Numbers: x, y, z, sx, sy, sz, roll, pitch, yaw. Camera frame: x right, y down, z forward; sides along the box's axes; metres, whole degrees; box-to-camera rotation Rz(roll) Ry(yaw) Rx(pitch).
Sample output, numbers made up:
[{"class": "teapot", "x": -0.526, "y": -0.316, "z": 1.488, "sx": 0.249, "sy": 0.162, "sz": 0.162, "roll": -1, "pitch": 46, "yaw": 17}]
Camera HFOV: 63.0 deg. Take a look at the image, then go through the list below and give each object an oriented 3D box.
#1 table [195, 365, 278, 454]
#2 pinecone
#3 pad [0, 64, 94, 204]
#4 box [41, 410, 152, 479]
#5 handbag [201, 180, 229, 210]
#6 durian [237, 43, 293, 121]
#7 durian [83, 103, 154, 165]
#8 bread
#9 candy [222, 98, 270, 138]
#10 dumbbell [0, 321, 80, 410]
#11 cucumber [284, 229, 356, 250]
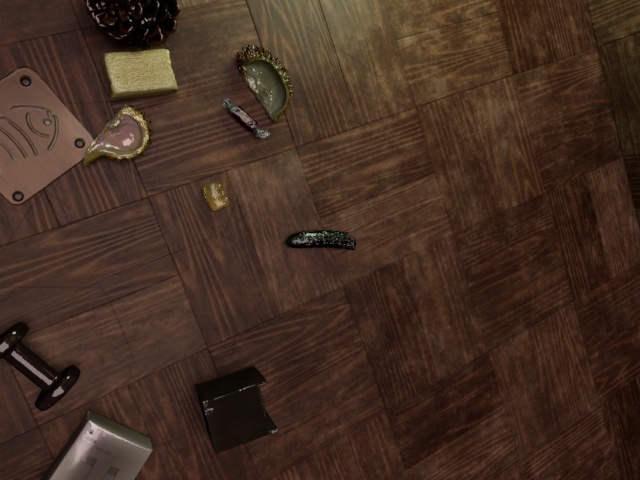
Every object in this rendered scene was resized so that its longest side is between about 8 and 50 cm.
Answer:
[{"class": "table", "x": -0.257, "y": 0.505, "z": 1.586, "sx": 0.193, "sy": 0.172, "sz": 0.168, "roll": -15, "pitch": 98, "yaw": -19}, {"class": "pinecone", "x": -0.499, "y": -0.630, "z": 1.383, "sx": 0.247, "sy": 0.292, "sz": 0.246, "roll": -1, "pitch": 112, "yaw": -2}, {"class": "pad", "x": -0.806, "y": -0.284, "z": 1.407, "sx": 0.284, "sy": 0.018, "sz": 0.286, "roll": -43, "pitch": 108, "yaw": -17}, {"class": "box", "x": -0.632, "y": 0.641, "z": 1.465, "sx": 0.203, "sy": 0.106, "sz": 0.251, "roll": 36, "pitch": 76, "yaw": -19}, {"class": "handbag", "x": -0.324, "y": -0.138, "z": 1.615, "sx": 0.061, "sy": 0.027, "sz": 0.083, "roll": -26, "pitch": 101, "yaw": -21}, {"class": "durian", "x": -0.163, "y": -0.506, "z": 1.639, "sx": 0.139, "sy": 0.144, "sz": 0.252, "roll": -37, "pitch": 112, "yaw": 4}, {"class": "durian", "x": -0.578, "y": -0.283, "z": 1.479, "sx": 0.224, "sy": 0.078, "sz": 0.140, "roll": -37, "pitch": 118, "yaw": -8}, {"class": "bread", "x": -0.518, "y": -0.478, "z": 1.498, "sx": 0.189, "sy": 0.068, "sz": 0.125, "roll": -14, "pitch": 97, "yaw": -22}, {"class": "candy", "x": -0.235, "y": -0.381, "z": 1.640, "sx": 0.175, "sy": 0.043, "sz": 0.045, "roll": 41, "pitch": 77, "yaw": -16}, {"class": "dumbbell", "x": -0.762, "y": 0.332, "z": 1.377, "sx": 0.124, "sy": 0.140, "sz": 0.225, "roll": -43, "pitch": 107, "yaw": -6}, {"class": "cucumber", "x": 0.001, "y": -0.003, "z": 1.743, "sx": 0.246, "sy": 0.067, "sz": 0.067, "roll": 3, "pitch": 90, "yaw": -23}]

= WHAT YOU ARE ASKED TO DO =
When a line of the material holds the string "object", copy that line.

= WRITTEN SOLUTION =
Camera HFOV: 63.0 deg. Take a look at the image, then go through the list below and give each object an oriented 3D box.
Every object in this rendered scene was resized so that its longest side is between about 8 and 50 cm.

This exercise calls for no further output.